I am trying to learn multi-threaded programming using openmp.
To begin with, I was testing out a nested loop with a large number of array access operations, and then parallelizing it. I am attaching the code below. Basically, I have this fairly large array tmp in the interior loop, and if I make it shared so that every thread can access and change it, my code actually slows down with increasing number of threads. I have written it so that every thread writes the exact same values to array tmp. When I make tmp private, I get speed up proportional to the number of threads. The no. of operations seem to me to be exactly the same in both cases.

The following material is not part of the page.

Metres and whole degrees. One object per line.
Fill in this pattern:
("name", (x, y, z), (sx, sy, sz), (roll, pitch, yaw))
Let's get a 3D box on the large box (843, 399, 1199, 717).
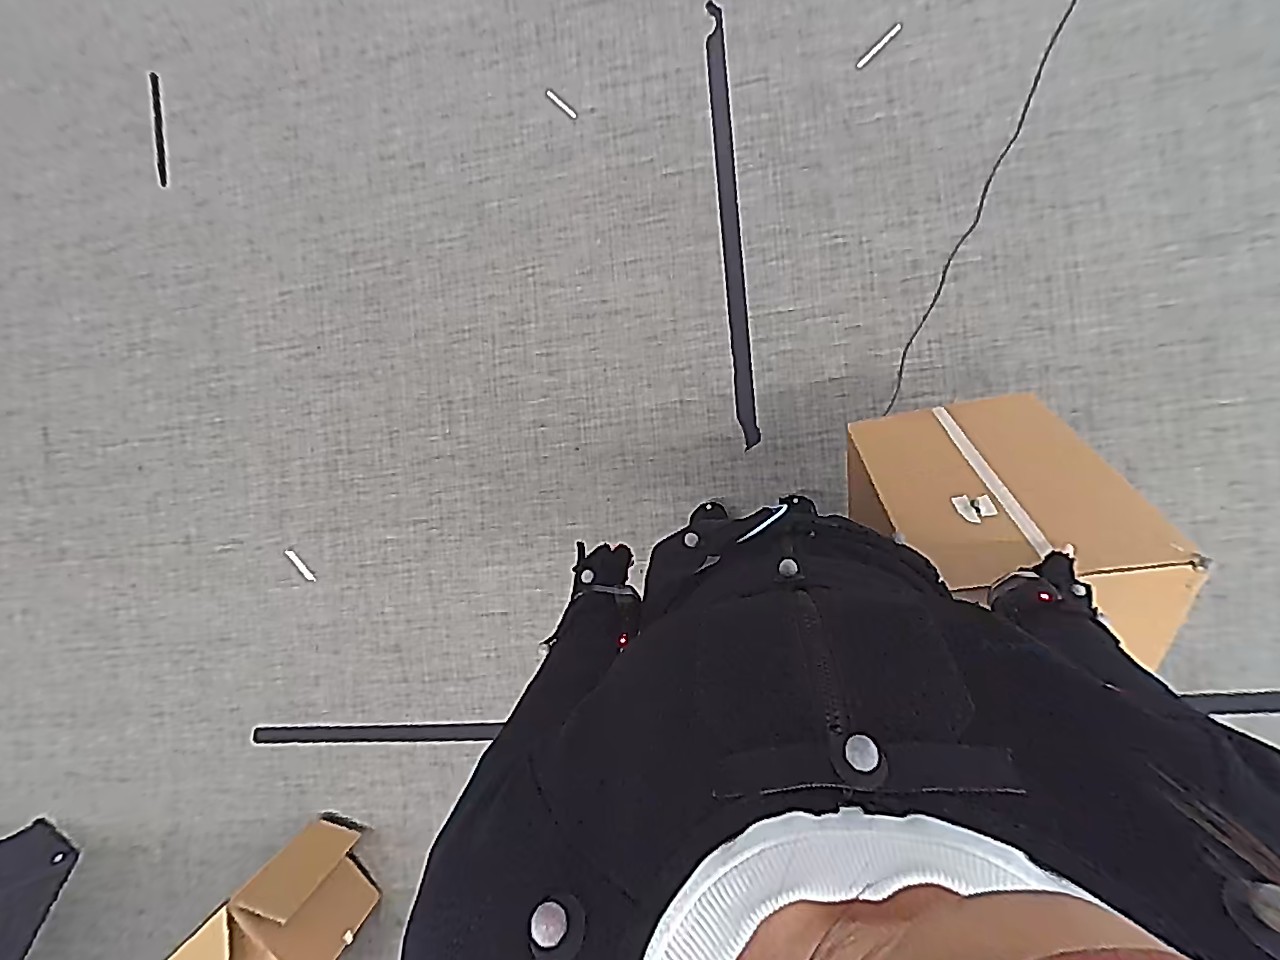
("large box", (0.547, 0.119, 0.897), (0.320, 0.408, 0.320), (-10, 127, 12))

Why is it slowing down when tmp is shared ? Is it because different threads try to access the same address at the same time ?
int main(){
int k,m,n,dummy_cntr=5000,nthread=10,id;
long num=10000000;
double x[num],tmp[dummy_cntr];
double tm,fact;
clock_t st,fn;
st=clock();
omp_set_num_threads(nthread);
#pragma omp parallel private(tmp)
{
id = omp_get_thread_num();
printf("Thread no. %d \n",id);
#pragma omp for
for (k=0; k<num; k++){
x[k]=k+1;
for (m=0; m<dummy_cntr; m++){
tmp[m] = m;
}
}
}
fn=clock();
tm=(fn-st)/CLOCKS_PER_SEC;
}
P.S.: I am aware that using clock() here doesn't really give the correct time. I have to divide it by the no. of threads in this case to get a similar output as given by "time ./a.out".